El cedro es una de las notas fundamentales y más nobles de madera, otorgando a los perfumes una increíble persistencia, profundidad y calidez. En la perfumería, este nombre abarca un mundo completo de matices aromáticos: desde bálsamo seco, casi ahumado, hasta sonidos suaves, dulzones y resinosos. Su voz puede ser severa y ascética o envolventemente acogedora, creando una sensación de seguridad y conexión con la naturaleza. Esta versatilidad hace del cedro una herramienta indispensable para los perfumistas que buscan añadir solidez, estructura y una elegante sensualidad terrenal a una composición.
La historia del cedro en la perfumería comienza con aceites esenciales naturales, pero hoy su sonido es mucho más amplio. Los más utilizados son los aceites de cedro del Atlas (Cedrus atlantica) e himalayo (Cedrus deodara). El cedro del Atlas proporciona un aroma dulzón y leñoso con matices melosos, polvorientos y a veces balsámicos-medicinales, mientras que el himalayo es más balsámico y alcanforado. Curiosamente, los populares "cedros de Virginia" y "cedros de Texas" en la perfumería, desde un punto de vista botánico, son enebros, cuyo aroma es más directo, seco y ahumado.
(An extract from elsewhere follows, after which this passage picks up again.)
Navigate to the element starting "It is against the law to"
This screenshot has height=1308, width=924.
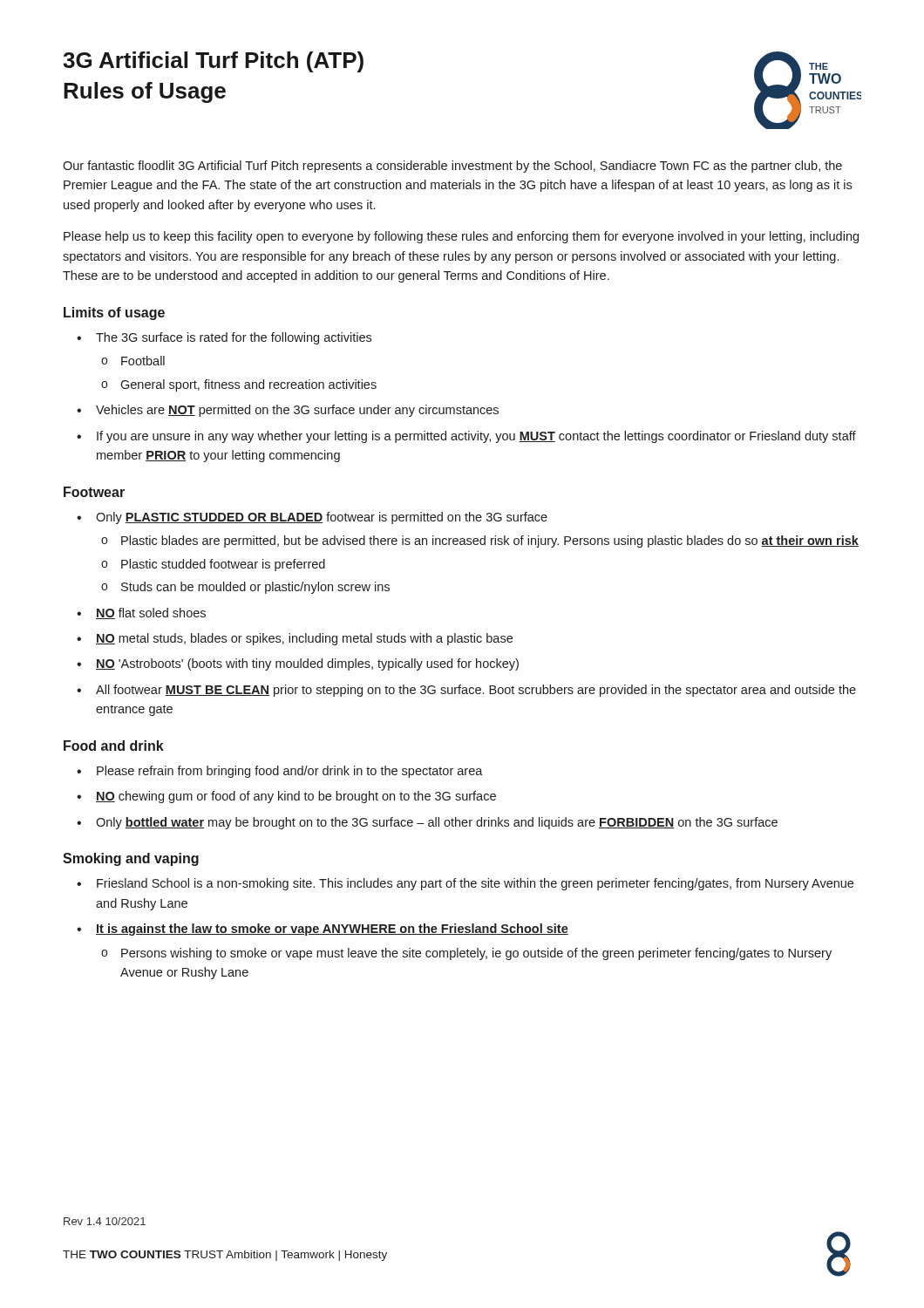point(479,952)

Además de los aceites naturales, los materiales sintéticos y semisintéticos juegan un papel enorme, como el metil cedril cetona (leñoso-cuero) o el cedrambar (seco, ambarino). Permiten a los perfumistas, desde Jean-Claude Ellena hasta Francis Kurkdjian, crear interpretaciones estables, limpias y modernas del cedro, libres de las notas secundarias de las materias primas naturales.
El cedro es un invitado frecuente tanto en perfumes de nicho como de masas, donde actúa como fondo ideal o solista brillante. En el famoso Bal d'Afrique Byredo, añade una cálida y relajada madera al acorde solar. El cedro demuestra su carácter fresco y enérgico en Chance Eau Fraîche Chanel. La faceta moderna, casi mineral de esta nota se puede apreciar en Light Blue Dolce & Gabbana.
Marcas como Chanel, Dior y Guerlain recurren regularmente al cedro para dar a sus creaciones una base elegante. Suena en corazones florales, bases chypre y composiciones fougère modernas, creadas por los principales perfumistas del mundo, incluidos Dominique Ropion y Alberto Morillas.
La versatilidad del cedro se revela en combinaciones impresionantes. El dúo clásico y eterno es el cedro con pachulí, creando un acorde profundo, terroso y ligeramente fúngico. Con vetiver, forma una composición seca, exquisitamente mineral. Las especias suaves como el cardamomo o la pimienta rosa resaltan su dulzura cálida y leñosa. En los perfumes modernos, el cedro a menudo se combina con ámbar y almizcle, resultando en una base suave, curtida y muy envolvente.
En carácter, el cedro es cercano a otras nobles notas de madera, como Akigalawood con sus matices picantes y curtidos, o el seco y polvoriento Akant. Estas notas pueden servir como una interesante alternativa o complemento en la búsqueda del acorde leñoso perfecto.
Las fragancias con cedro son adecuadas para quienes valoran la solidez, la elegancia contenida y la conexión con la naturaleza. Son ideales para el clima frío — otoño, invierno y principios de primavera, cuando su calidez y persistencia se revelan plenamente. Las interpretaciones ligeras y frescas del cedro, como en Lacoste Pour Femme, también pueden adornar un día de verano.
Esta nota se siente maravillosa en la atmósfera de la oficina, añadiendo confianza a la imagen, y por la noche crea un aura de misterio y fuerza interior. Al elegir un perfume con cedro, preste atención a su entorno: combinado con cítricos y agua, sonará fresco y dinámico, y con incienso, cuero o resinas espesas — profundamente, meditativamente e incluso místicamente. Es una nota que nunca pasa de moda, constantemente reinterpretada por los perfumistas en formas nuevas y emocionantes.